On the competitive fringe, Anthropic’s still-restricted Mythos model leads GPT-5.5 on six overlapping benchmarks, but Mythos remains available only to approximately 50 partner organizations. GPT-5.5 represents, in the assessment of analysts quoted by Fello AI, “the best model most people can actually use.”

Notable Applied Results

OpenAI reports two applied demonstrations intended to show the model’s research capabilities. In collaboration with academic mathematicians, GPT-5.5 reportedly helped researchers identify a new proof related to Ramsey numbers in combinatorics, a longstanding area of discrete mathematics. The company also reports that the model optimized internal infrastructure management software, increasing token generation speeds by over 20 percent, according to SiliconAngle. Neither result has been independently peer-reviewed at the time of release.

OpenAI also reports the model can process large-scale structured documents — the company cited an example involving more than 71,000 pages of tax forms — and produce what it characterizes as PhD-quality academic output on complex research tasks, per Interesting Engineering.

Pricing and Availability

GPT-5.5 doubles the per-token price of its predecessor. The standard API tier costs $5 per million input tokens and $30 per million output tokens, compared to GPT-5.4’s $2.50 and $15 respectively. The Pro tier raises those figures to $30 input and $180 output per million tokens. Batch and flexible pricing carry a 50 percent discount, according to OFox AI. The doubling represents the largest single-release price increase OpenAI has made across the GPT-5.x series.

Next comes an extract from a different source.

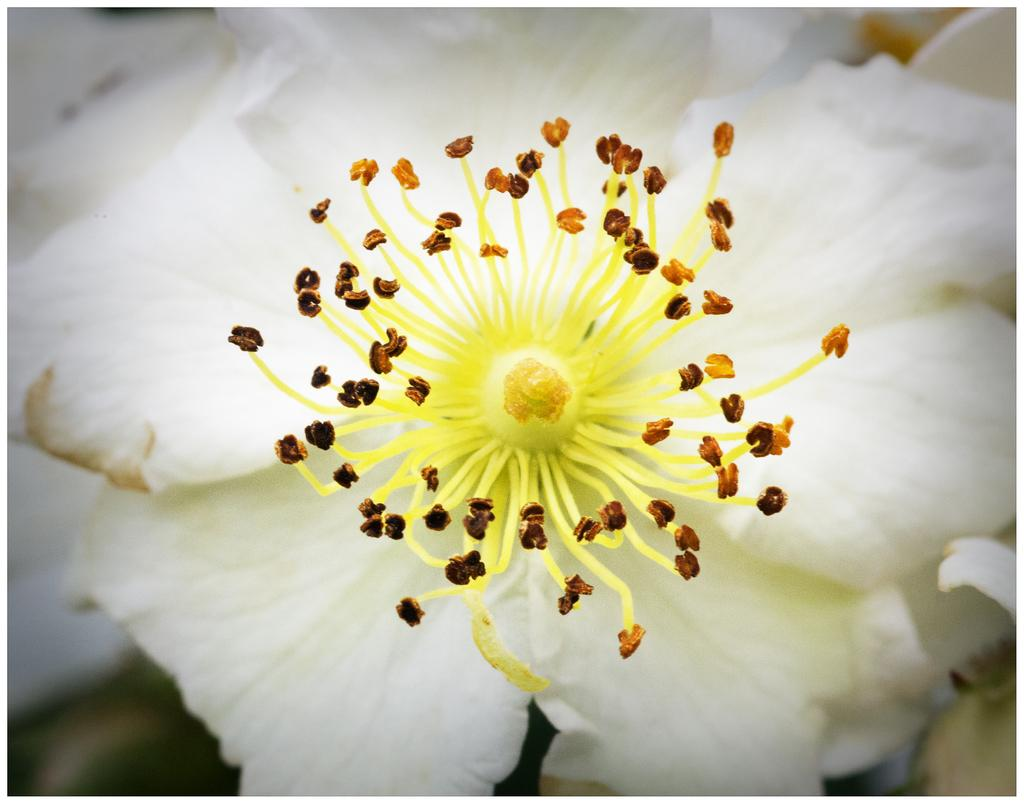What is present in the image? There is a flower in the image. Can you describe the color of the flower? The flower is white in color. How does the flower draw attention to itself in the image? The flower does not draw attention to itself in the image; it is simply a flower in the image. 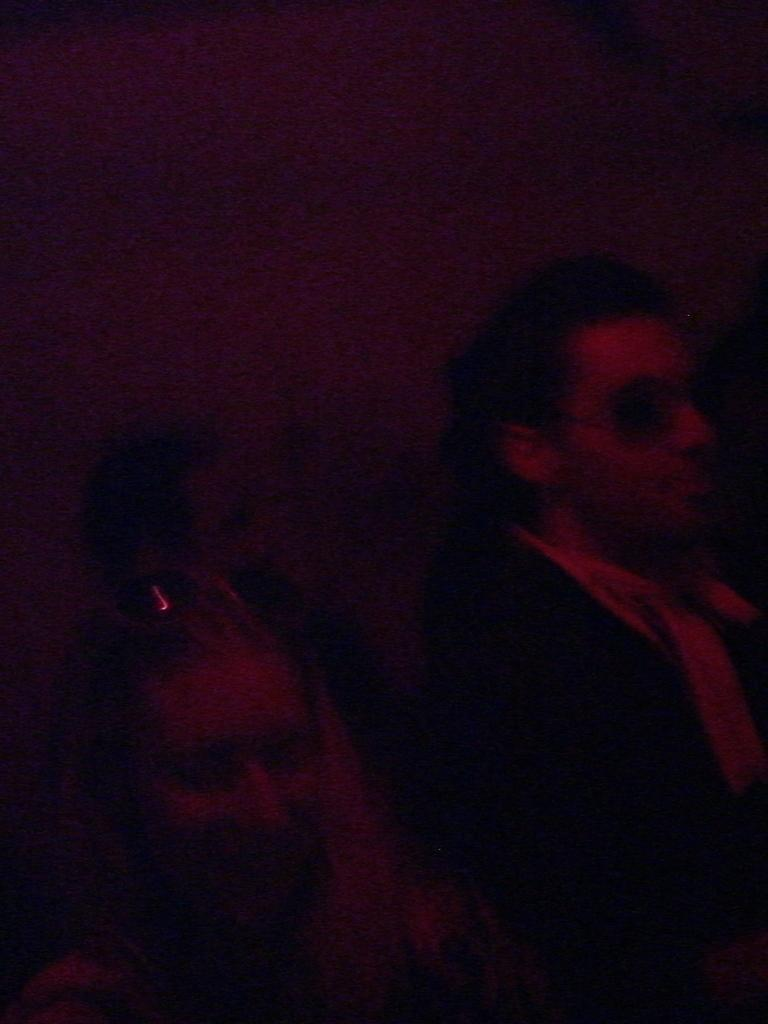How many people are visible in the image? There are three people visible in the image. Can you describe the positioning of the people in the image? There are two people in the foreground and another person behind them. What type of cherry is being used as a hat by the person in the foreground? There is no cherry present in the image, and no one is wearing a hat.

API availability is listed as coming “very soon,” pending completion of OpenAI’s safety and deployment review process, as noted by OFox AI.

What Remains Unclear

OpenAI has not released technical details about the training compute or dataset scale used for GPT-5.5, making it impossible to externally verify the claim that it represents a ground-up retrain rather than a particularly large post-training run. The company’s SWE-Bench Pro score of 58.6 percent lags behind Claude Opus 4.7, and OpenAI has not addressed whether this gap reflects architectural choices, training data differences, or benchmark framing.

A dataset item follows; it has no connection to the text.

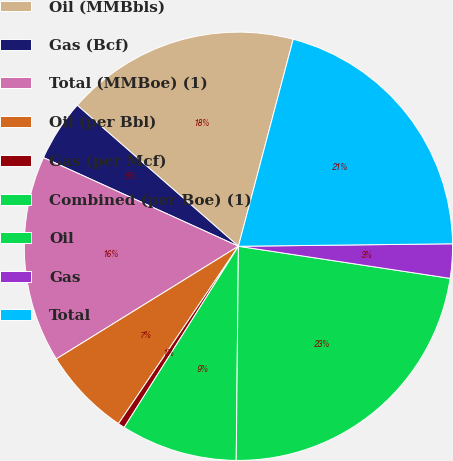Convert chart to OTSL. <chart><loc_0><loc_0><loc_500><loc_500><pie_chart><fcel>Oil (MMBbls)<fcel>Gas (Bcf)<fcel>Total (MMBoe) (1)<fcel>Oil (per Bbl)<fcel>Gas (per Mcf)<fcel>Combined (per Boe) (1)<fcel>Oil<fcel>Gas<fcel>Total<nl><fcel>17.68%<fcel>4.65%<fcel>15.61%<fcel>6.72%<fcel>0.51%<fcel>8.79%<fcel>22.77%<fcel>2.58%<fcel>20.7%<nl></chart> 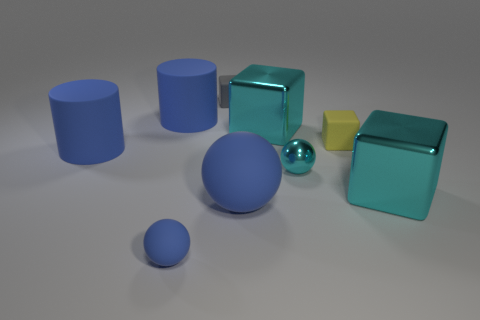Subtract all cyan balls. How many balls are left? 2 Subtract all gray spheres. How many green cylinders are left? 0 Subtract all blue metal balls. Subtract all blue rubber balls. How many objects are left? 7 Add 7 yellow cubes. How many yellow cubes are left? 8 Add 3 large metallic things. How many large metallic things exist? 5 Subtract all cyan cubes. How many cubes are left? 2 Subtract 1 cyan spheres. How many objects are left? 8 Subtract all cylinders. How many objects are left? 7 Subtract 3 cubes. How many cubes are left? 1 Subtract all yellow cubes. Subtract all purple cylinders. How many cubes are left? 3

The practical significance of the Ramsey number proof contribution also remains to be assessed by the mathematics community. OpenAI has described the result as an AI-assisted discovery but has not provided the paper for independent review.

The relationship between GPT-5.5 and the previously reported internal project code-named Spud — which OpenAI CEO Sam Altman had described as a “very strong model” in internal communications as recently as late March — has not been officially confirmed or denied by the company.